▶ [Exercise details]:
The copy you print must match the listing exactly, with its pictures removed.

────────────────────

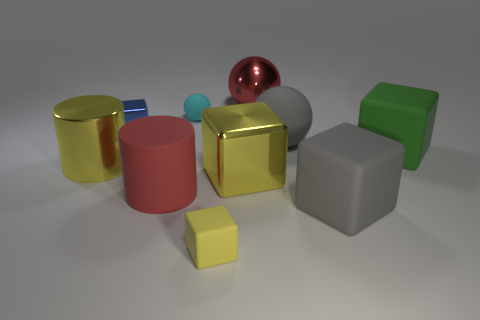Subtract all brown balls. How many yellow cubes are left? 2 Subtract all big spheres. How many spheres are left? 1 Subtract 1 cubes. How many cubes are left? 4 Subtract all blue blocks. How many blocks are left? 4 Subtract all cylinders. How many objects are left? 8 Subtract all green balls. Subtract all blue cubes. How many balls are left? 3 Add 4 red balls. How many red balls exist? 5 Subtract 0 purple spheres. How many objects are left? 10 Subtract all small purple cylinders. Subtract all shiny balls. How many objects are left? 9 Add 5 small cyan matte balls. How many small cyan matte balls are left? 6 
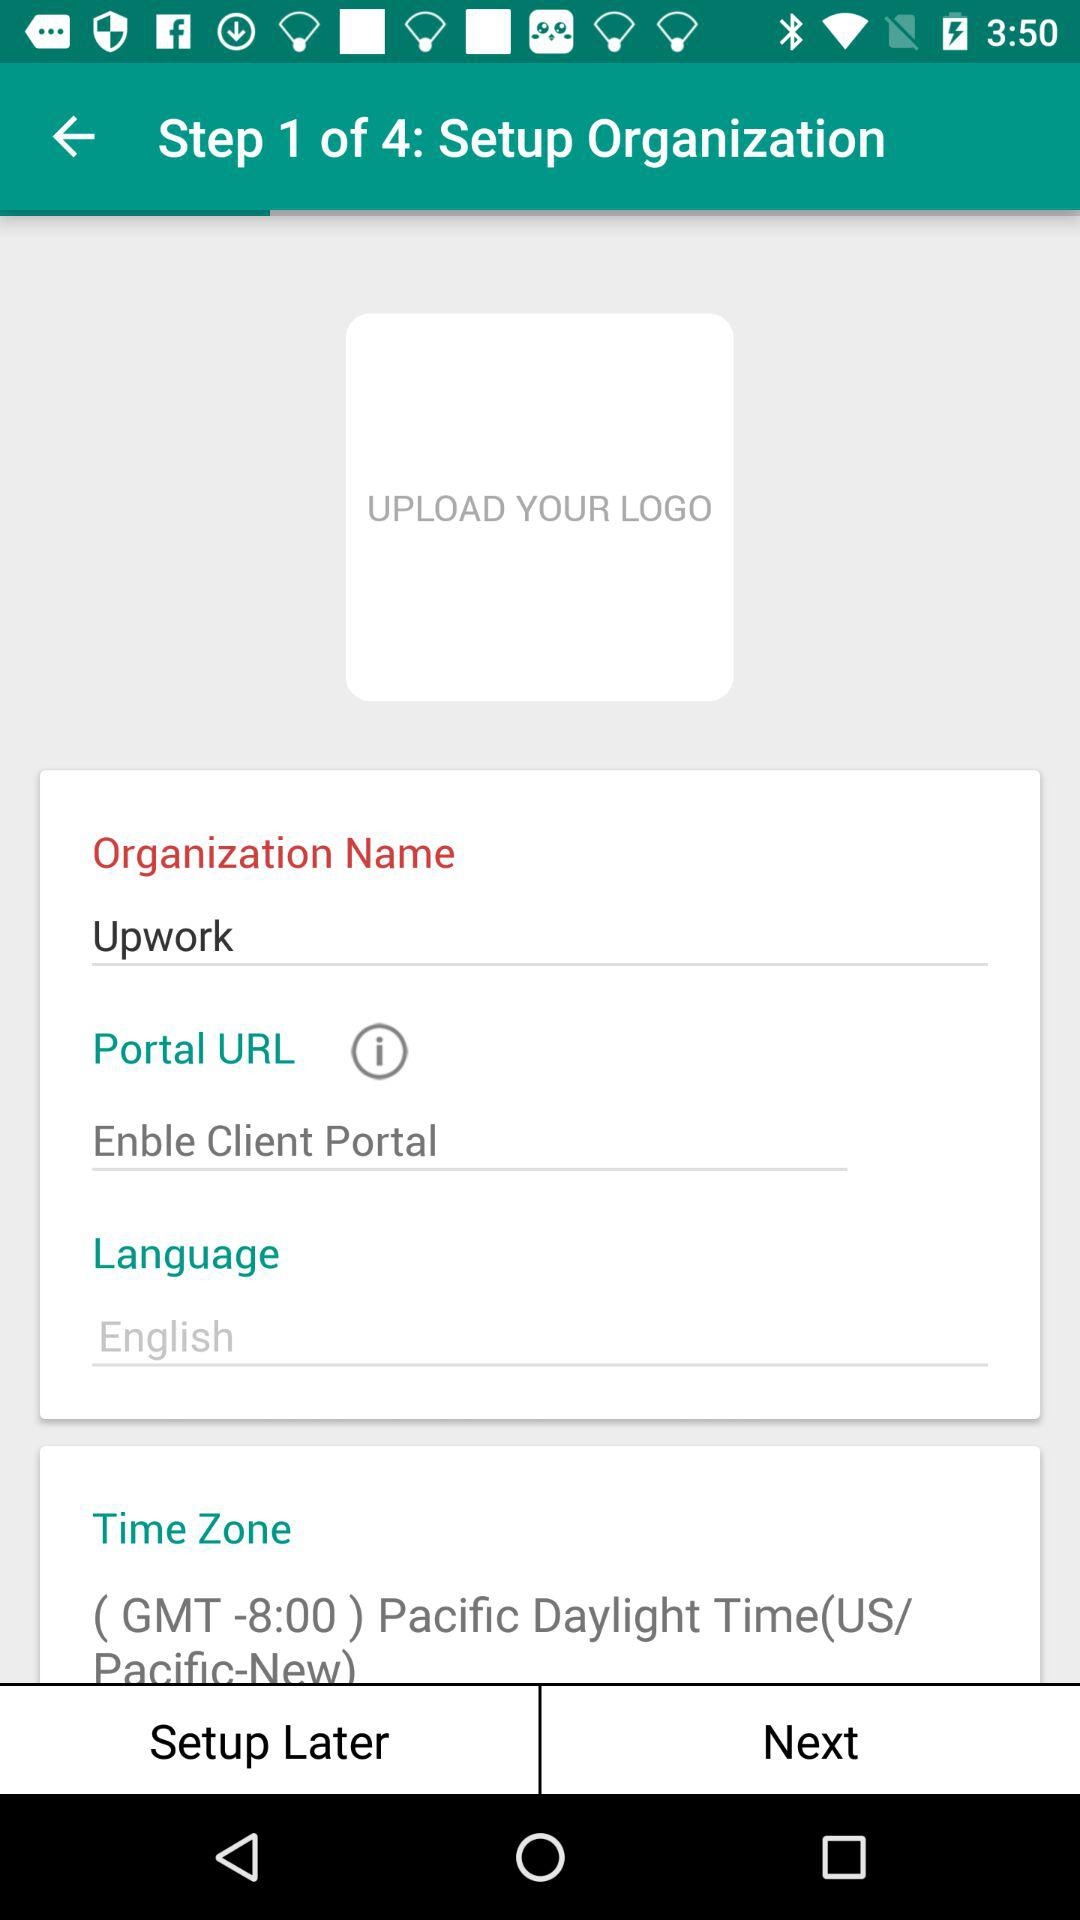How many items have a text input?
Answer the question using a single word or phrase. 3 
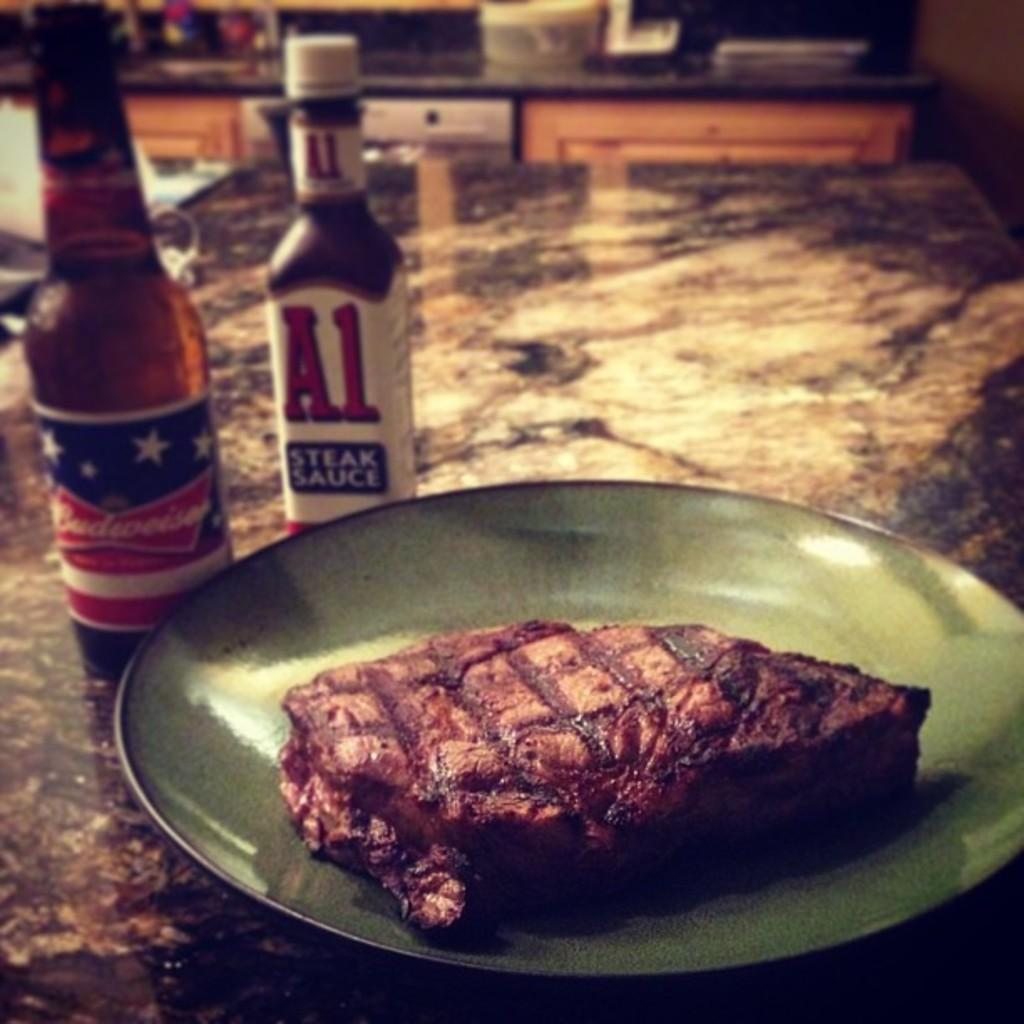<image>
Create a compact narrative representing the image presented. A bottle of A1 sauce is behind a plate with a steak on it. 
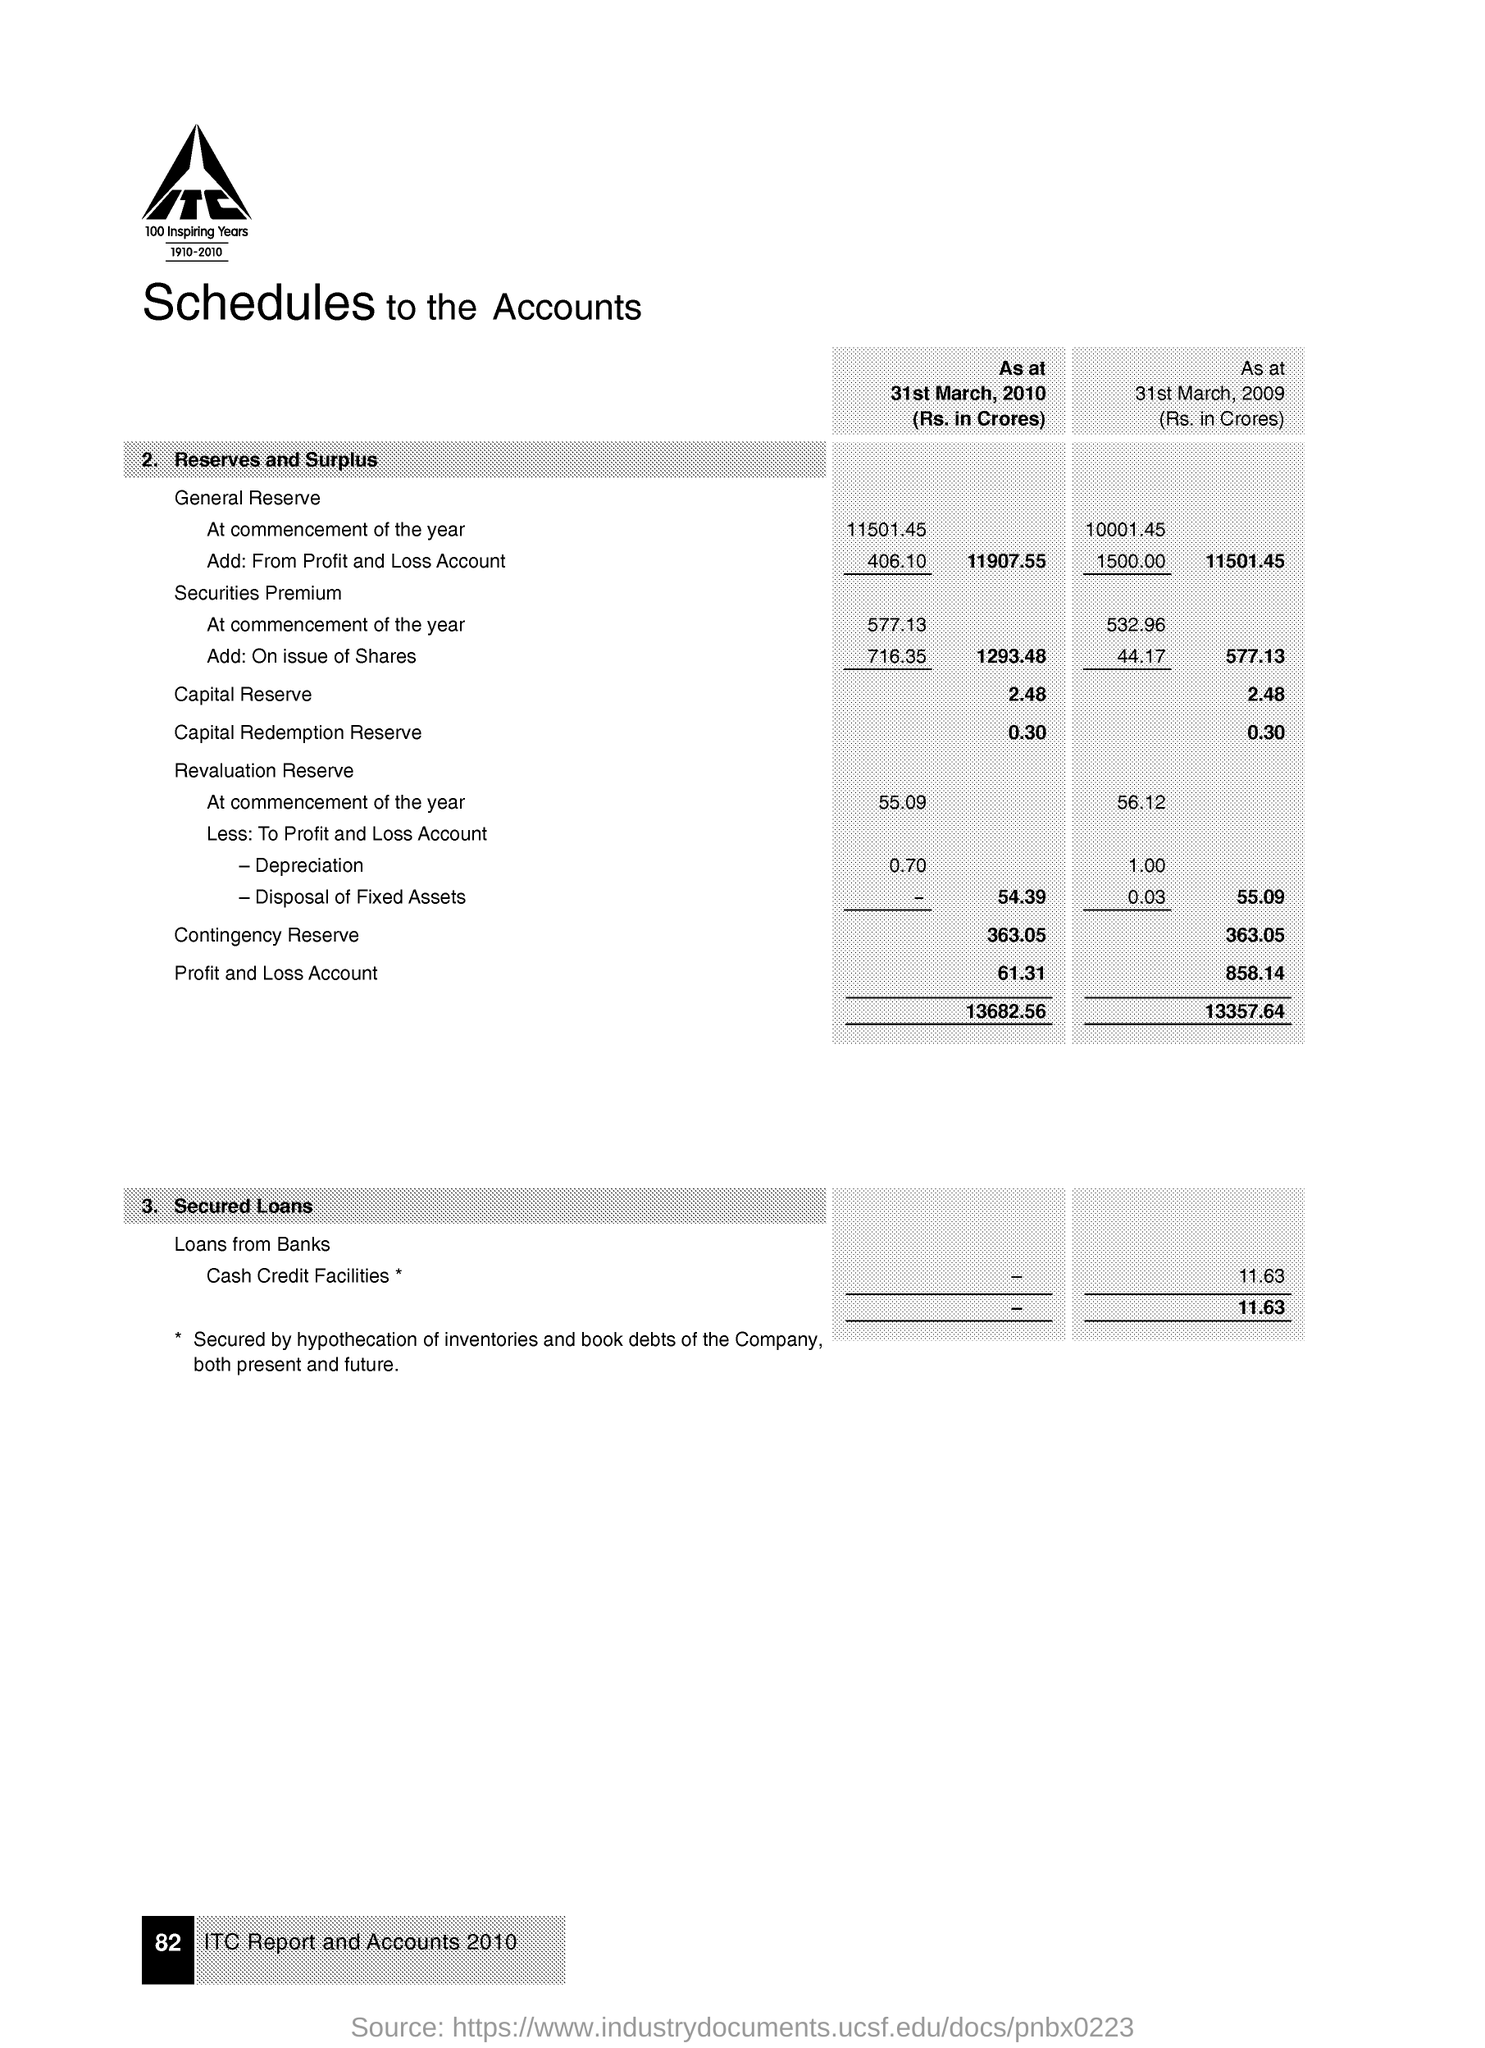What is the Capital Reserve as at 31st March, 2010 (Rs. in Crores)?
Ensure brevity in your answer.  2.48. What is the Contingency Reserve as at 31st March, 2009 (Rs. in Crores)?
Your answer should be very brief. 363.05. 
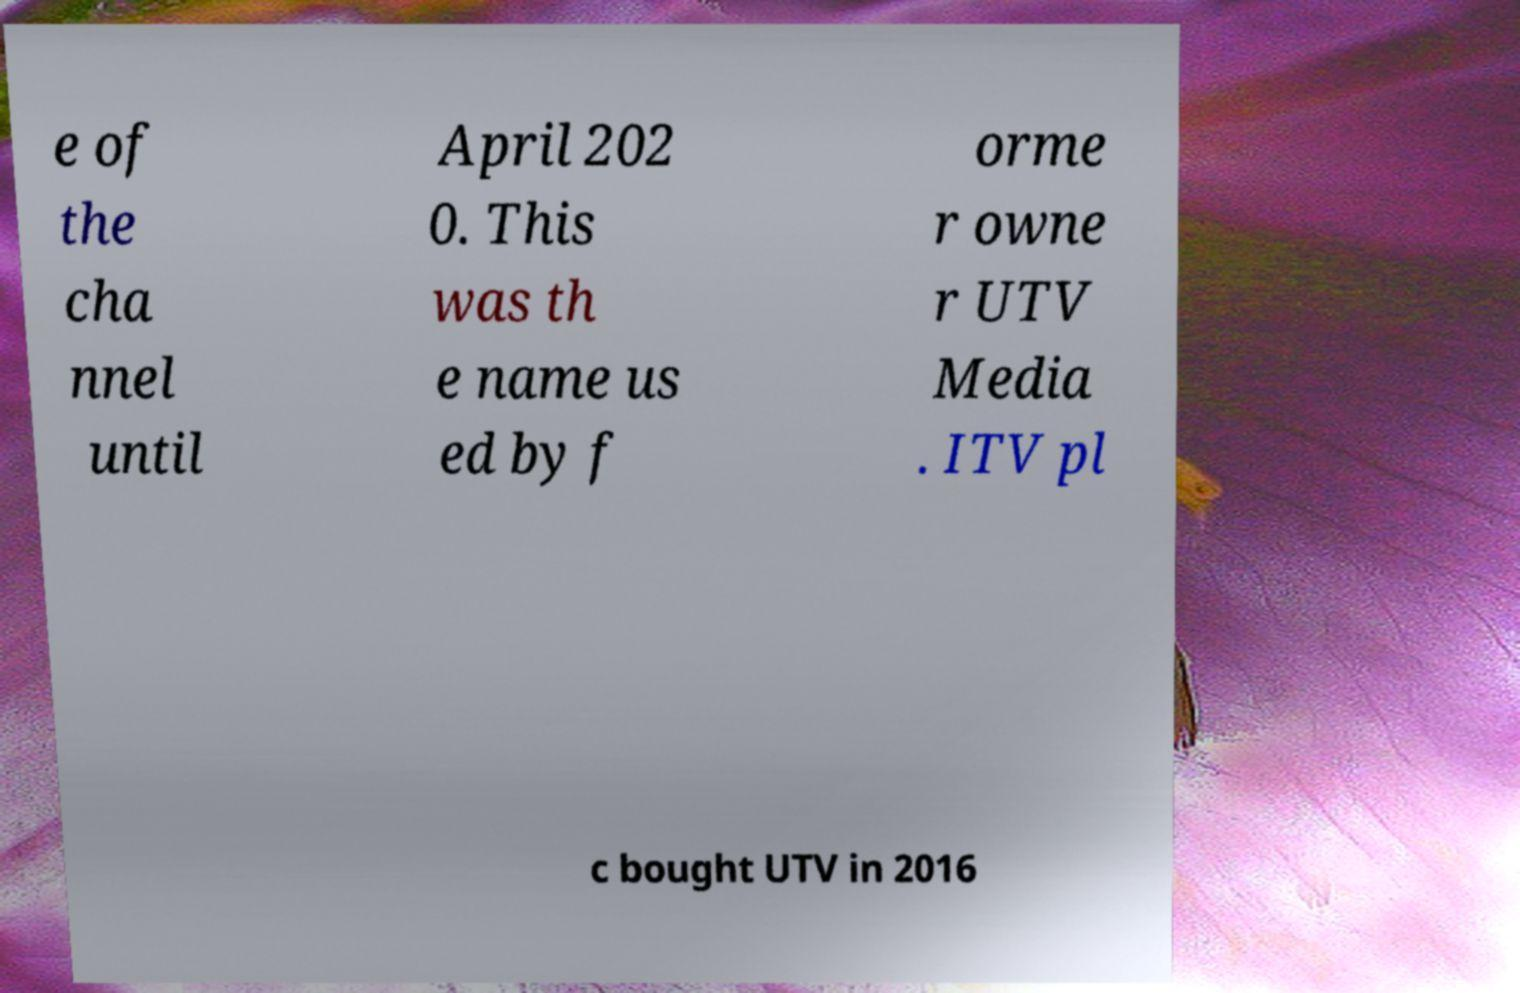Can you read and provide the text displayed in the image?This photo seems to have some interesting text. Can you extract and type it out for me? e of the cha nnel until April 202 0. This was th e name us ed by f orme r owne r UTV Media . ITV pl c bought UTV in 2016 
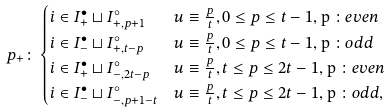Convert formula to latex. <formula><loc_0><loc_0><loc_500><loc_500>p _ { + } \colon & \begin{cases} i \in I ^ { \bullet } _ { + } \sqcup I ^ { \circ } _ { + , p + 1 } & u \equiv \frac { p } { t } , 0 \leq p \leq t - 1 , $ p $ \colon e v e n \\ i \in I ^ { \bullet } _ { - } \sqcup I ^ { \circ } _ { + , t - p } & u \equiv \frac { p } { t } , 0 \leq p \leq t - 1 , $ p $ \colon o d d \\ i \in I ^ { \bullet } _ { + } \sqcup I ^ { \circ } _ { - , 2 t - p } & u \equiv \frac { p } { t } , t \leq p \leq 2 t - 1 , $ p $ \colon e v e n \\ i \in I ^ { \bullet } _ { - } \sqcup I ^ { \circ } _ { - , p + 1 - t } & u \equiv \frac { p } { t } , t \leq p \leq 2 t - 1 , $ p $ \colon o d d , \\ \end{cases}</formula> 
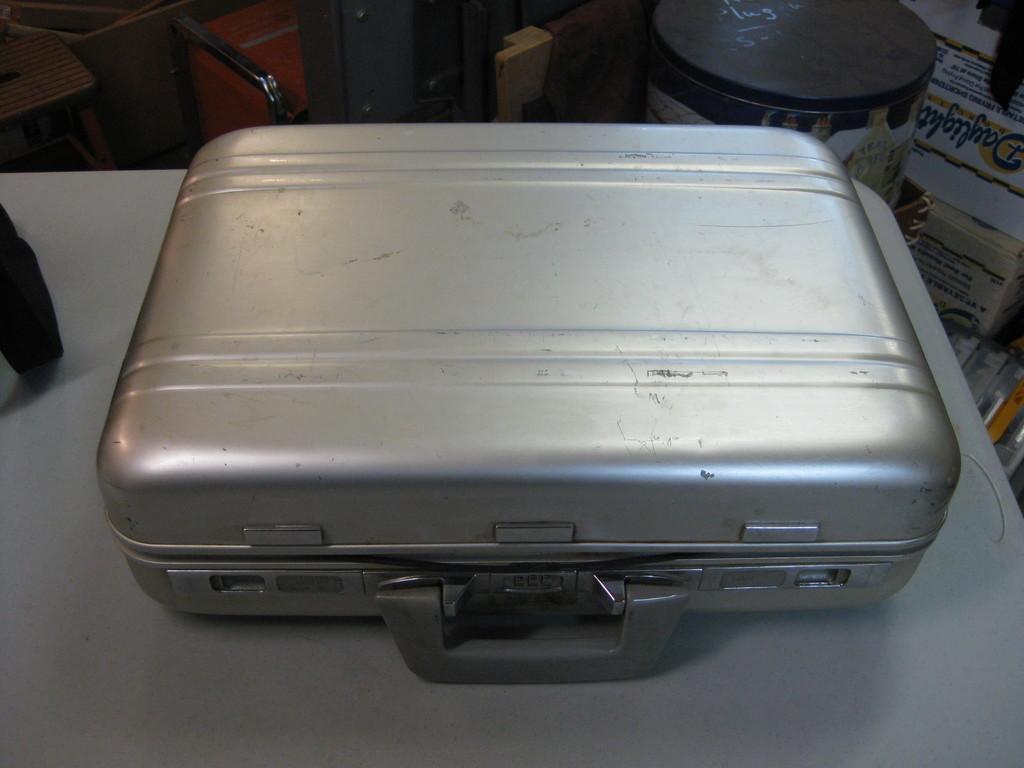Describe this image in one or two sentences. In this image there is a briefcase placed in a table and in back ground there is a box, hoarding.

────────────────────

▶ [Problem solution]:
Subtract all brown balls. How many yellow cubes are left? 2 Subtract all big spheres. How many spheres are left? 1 Subtract 1 cubes. How many cubes are left? 4 Subtract all blue blocks. How many blocks are left? 4 Subtract all cylinders. How many objects are left? 8 Subtract all green balls. Subtract all blue cubes. How many balls are left? 3 Add 4 red balls. How many red balls exist? 5 Subtract 0 purple spheres. How many objects are left? 10 Subtract all small purple cylinders. Subtract all shiny balls. How many objects are left? 9 Add 5 small cyan matte balls. How many small cyan matte balls are left? 6 
How many items have a text input?
Answer the question using a single word or phrase. 3 
<image>
Create a compact narrative representing the image presented. A bottle of A1 sauce is behind a plate with a steak on it. 
What is the Capital Reserve as at 31st March, 2010 (Rs. in Crores)?
Ensure brevity in your answer.  2.48. What is the Contingency Reserve as at 31st March, 2009 (Rs. in Crores)?
Your answer should be very brief. 363.05. 
Can you read and provide the text displayed in the image?This photo seems to have some interesting text. Can you extract and type it out for me? e of the cha nnel until April 202 0. This was th e name us ed by f orme r owne r UTV Media . ITV pl c bought UTV in 2016 
Convert formula to latex. <formula><loc_0><loc_0><loc_500><loc_500>p _ { + } \colon & \begin{cases} i \in I ^ { \bullet } _ { + } \sqcup I ^ { \circ } _ { + , p + 1 } & u \equiv \frac { p } { t } , 0 \leq p \leq t - 1 , $ p $ \colon e v e n \\ i \in I ^ { \bullet } _ { - } \sqcup I ^ { \circ } _ { + , t - p } & u \equiv \frac { p } { t } , 0 \leq p \leq t - 1 , $ p $ \colon o d d \\ i \in I ^ { \bullet } _ { + } \sqcup I ^ { \circ } _ { - , 2 t - p } & u \equiv \frac { p } { t } , t \leq p \leq 2 t - 1 , $ p $ \colon e v e n \\ i \in I ^ { \bullet } _ { - } \sqcup I ^ { \circ } _ { - , p + 1 - t } & u \equiv \frac { p } { t } , t \leq p \leq 2 t - 1 , $ p $ \colon o d d , \\ \end{cases}</formula> 
Describe this image in one or two sentences. In this image there is a briefcase placed in a table and in back ground there is a box, hoarding.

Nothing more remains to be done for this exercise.